__WHAT TO DO__:
Where the string "angles" appears in a line of the material below, copy that line.

__EXTRACTED DATA__:
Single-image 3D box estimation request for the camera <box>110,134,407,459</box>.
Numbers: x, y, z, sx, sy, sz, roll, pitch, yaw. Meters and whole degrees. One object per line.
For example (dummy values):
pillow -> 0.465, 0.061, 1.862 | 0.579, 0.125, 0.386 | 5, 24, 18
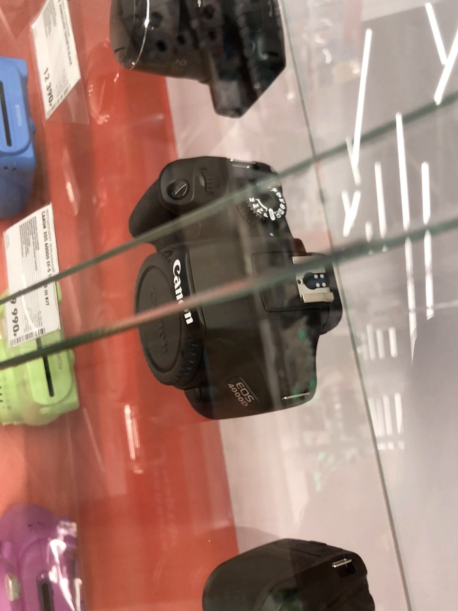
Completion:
camera -> 0.009, -0.001, 0.266 | 0.100, 0.083, 0.135 | -6, 78, -30
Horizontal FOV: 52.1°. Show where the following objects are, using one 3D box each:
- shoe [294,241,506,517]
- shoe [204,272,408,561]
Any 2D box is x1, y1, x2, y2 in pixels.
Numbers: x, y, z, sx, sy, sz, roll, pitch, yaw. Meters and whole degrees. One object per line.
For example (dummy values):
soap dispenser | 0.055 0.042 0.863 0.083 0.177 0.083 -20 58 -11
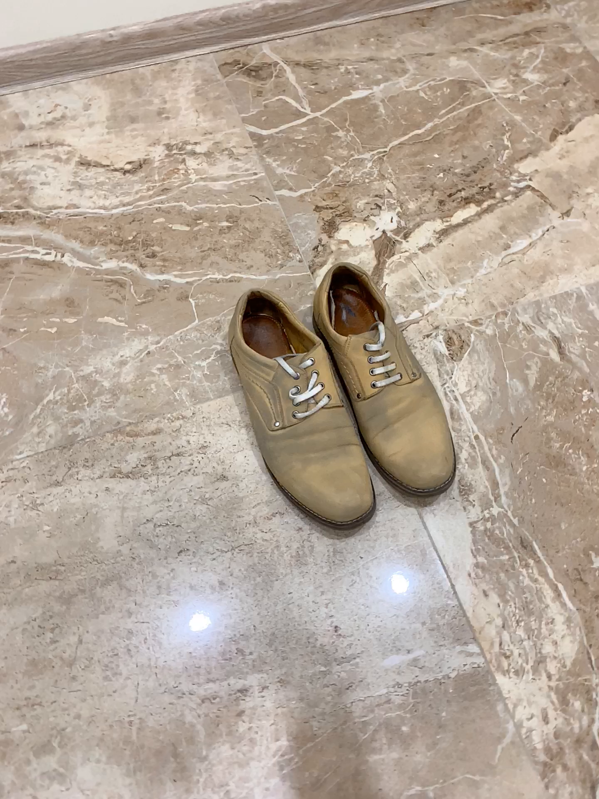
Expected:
shoe | 0.097 -0.029 0.669 0.110 0.070 0.281 -18 68 -11
shoe | -0.002 0.012 0.653 0.110 0.080 0.281 -18 68 -11
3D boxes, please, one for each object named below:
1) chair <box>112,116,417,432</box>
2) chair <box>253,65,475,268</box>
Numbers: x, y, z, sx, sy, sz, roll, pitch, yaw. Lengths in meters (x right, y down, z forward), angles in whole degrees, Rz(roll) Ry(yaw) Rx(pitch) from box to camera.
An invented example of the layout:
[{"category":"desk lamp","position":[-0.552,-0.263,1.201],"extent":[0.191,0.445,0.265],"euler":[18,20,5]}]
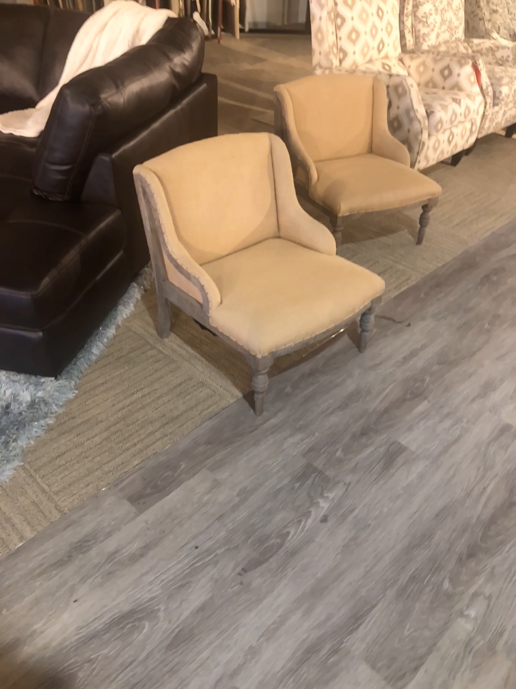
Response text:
[{"category":"chair","position":[0.002,-0.282,1.919],"extent":[0.638,0.685,0.670],"euler":[-29,48,-34]},{"category":"chair","position":[0.435,-0.864,2.650],"extent":[0.628,0.625,0.721],"euler":[-17,42,-25]}]
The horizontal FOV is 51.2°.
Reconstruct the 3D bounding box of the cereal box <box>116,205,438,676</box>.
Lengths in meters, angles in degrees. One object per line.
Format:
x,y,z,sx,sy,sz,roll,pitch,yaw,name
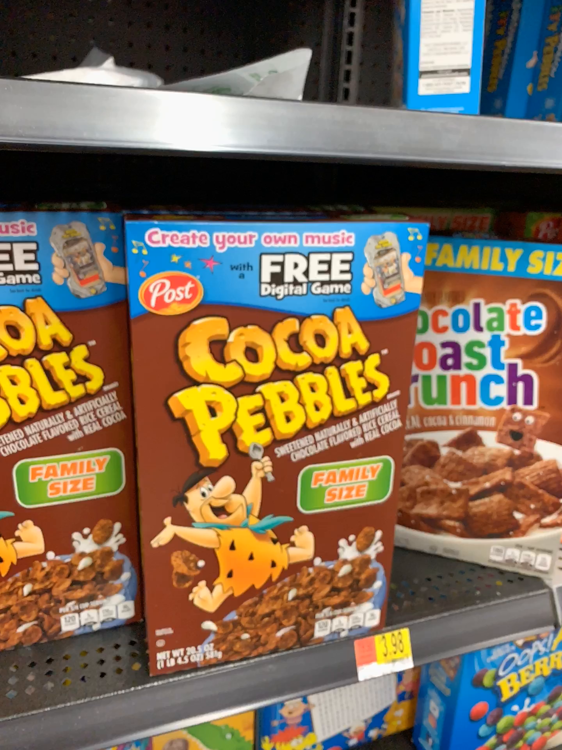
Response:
-0.009,0.049,0.433,0.200,0.329,0.060,-4,20,-17,cereal box
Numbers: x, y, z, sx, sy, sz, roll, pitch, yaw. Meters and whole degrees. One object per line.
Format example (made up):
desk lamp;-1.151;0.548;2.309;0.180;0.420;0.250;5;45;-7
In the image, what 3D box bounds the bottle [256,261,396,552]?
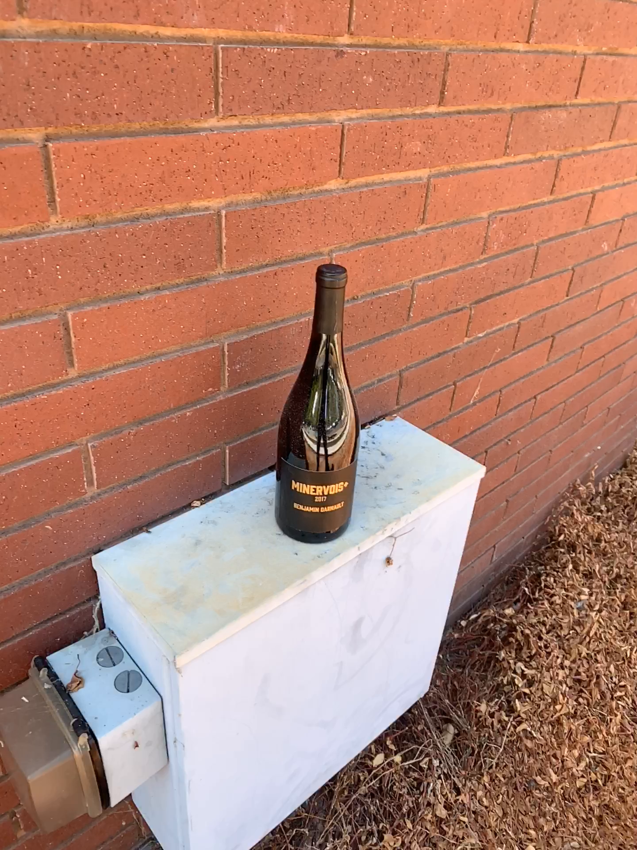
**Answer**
bottle;-0.003;-0.012;0.633;0.100;0.268;0.091;-2;33;-11
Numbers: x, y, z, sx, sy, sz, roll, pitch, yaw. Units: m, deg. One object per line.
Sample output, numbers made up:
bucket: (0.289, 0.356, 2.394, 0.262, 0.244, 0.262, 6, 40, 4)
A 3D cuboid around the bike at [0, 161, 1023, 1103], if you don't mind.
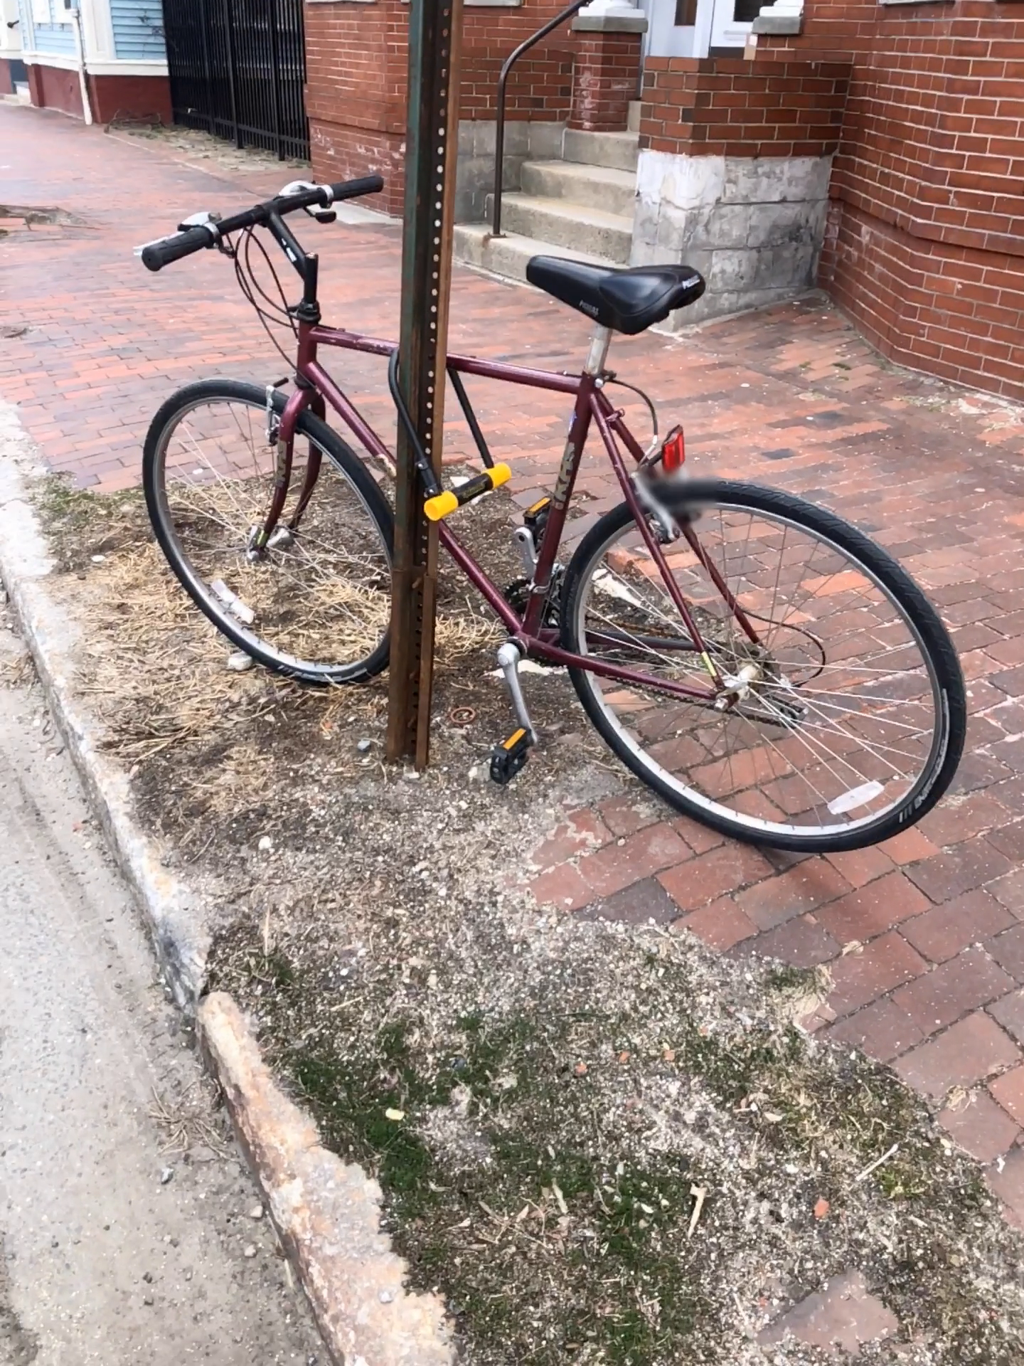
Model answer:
bike: (-0.087, -0.260, 1.923, 1.729, 1.011, 0.670, 19, 33, 28)
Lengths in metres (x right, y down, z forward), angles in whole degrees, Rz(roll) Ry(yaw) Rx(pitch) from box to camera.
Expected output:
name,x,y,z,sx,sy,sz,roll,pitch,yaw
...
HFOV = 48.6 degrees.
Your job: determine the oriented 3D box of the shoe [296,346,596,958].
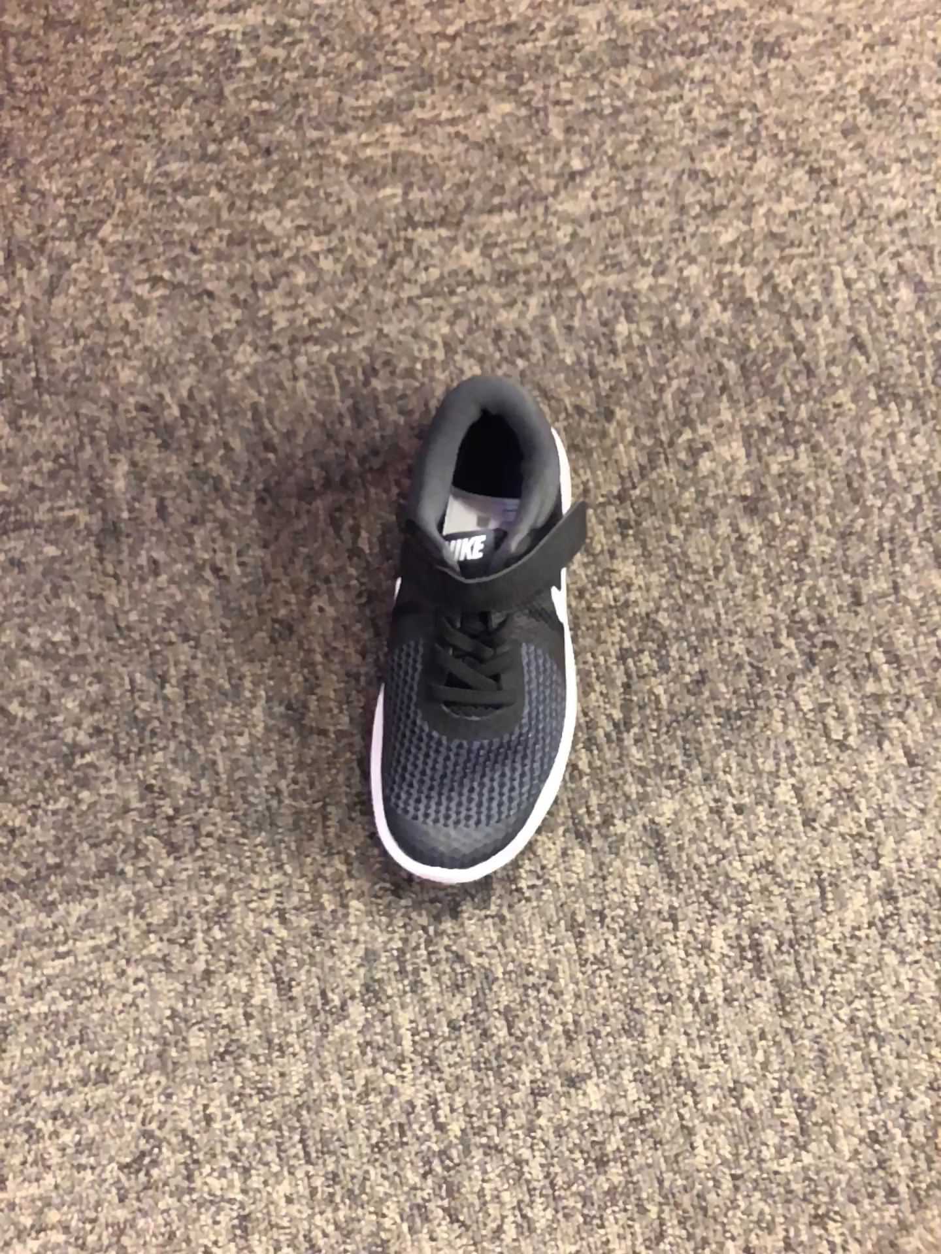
name,x,y,z,sx,sy,sz,roll,pitch,yaw
shoe,-0.006,0.010,0.416,0.090,0.080,0.217,5,80,1
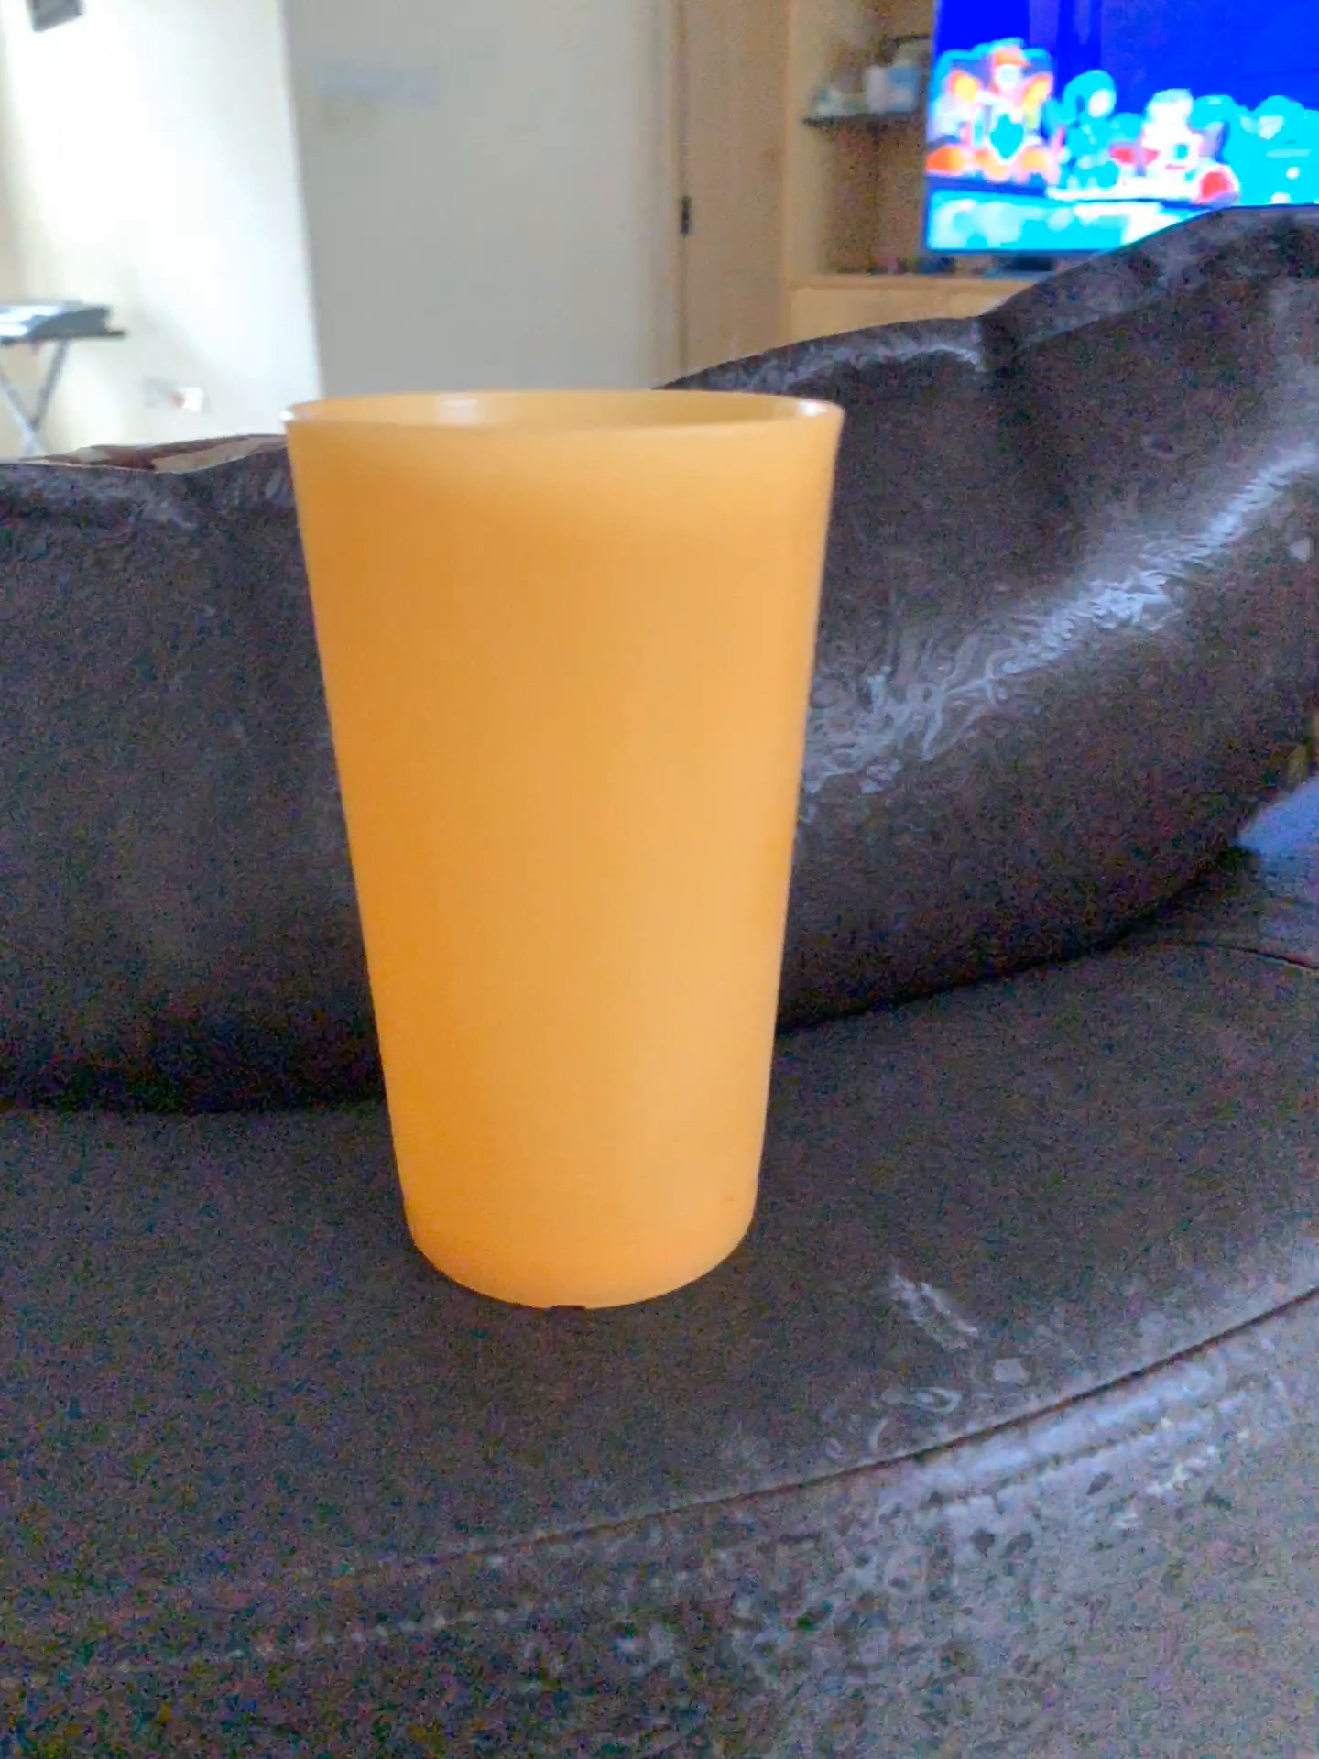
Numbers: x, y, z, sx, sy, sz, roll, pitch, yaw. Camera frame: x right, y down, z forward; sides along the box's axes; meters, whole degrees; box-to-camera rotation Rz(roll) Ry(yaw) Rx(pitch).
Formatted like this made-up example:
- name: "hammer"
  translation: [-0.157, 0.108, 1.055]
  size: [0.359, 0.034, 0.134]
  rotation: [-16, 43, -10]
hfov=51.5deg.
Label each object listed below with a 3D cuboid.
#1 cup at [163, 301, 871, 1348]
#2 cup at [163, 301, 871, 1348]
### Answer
- name: "cup"
  translation: [-0.011, -0.013, 0.199]
  size: [0.070, 0.129, 0.070]
  rotation: [-1, 24, 0]
- name: "cup"
  translation: [-0.011, -0.013, 0.199]
  size: [0.070, 0.129, 0.070]
  rotation: [-1, 24, 0]
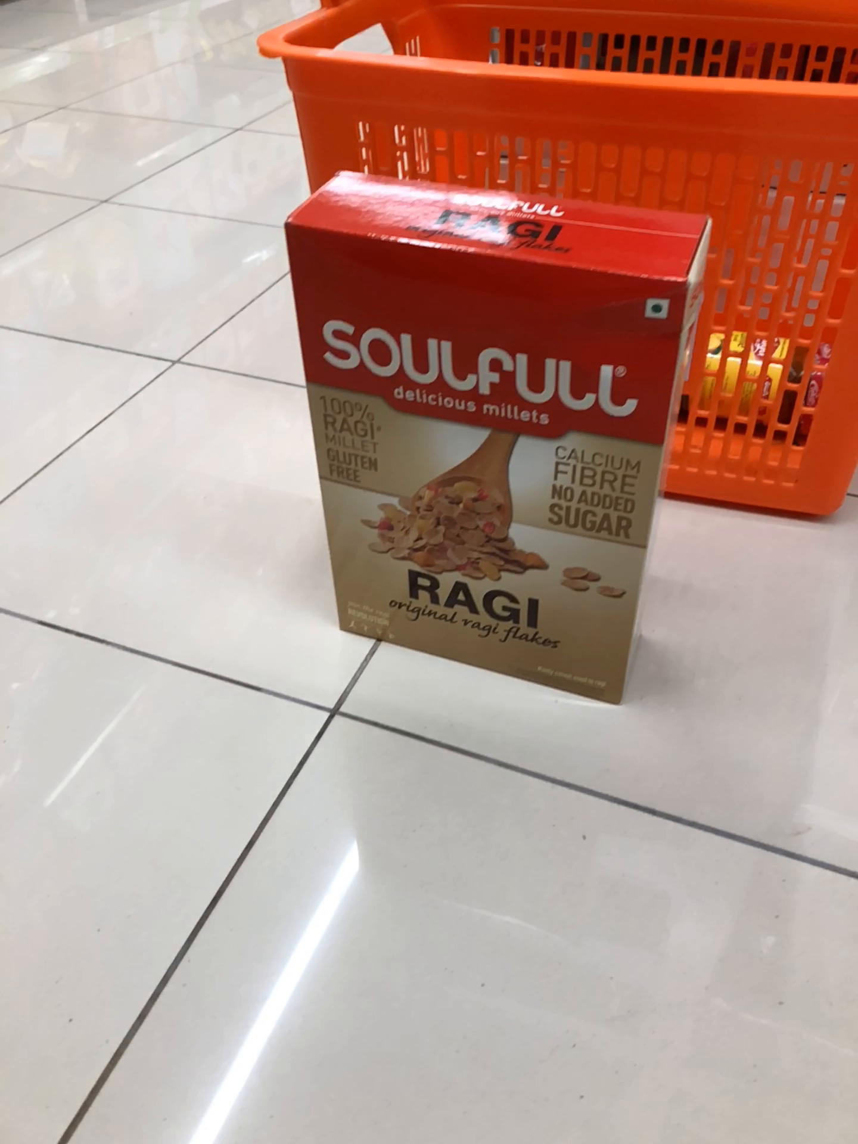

__SOLVED PROBLEM__:
Numbers: x, y, z, sx, sy, sz, roll, pitch, yaw. Lengths in meters (x right, y down, z forward), angles in whole degrees, Rz(roll) Ry(yaw) Rx(pitch) from box to camera.
Lengths in meters, angles in degrees. One object per line.
Lengths in metres (x right, y down, z forward), angles in whole degrees, Rz(roll) Ry(yaw) Rx(pitch) from box to camera.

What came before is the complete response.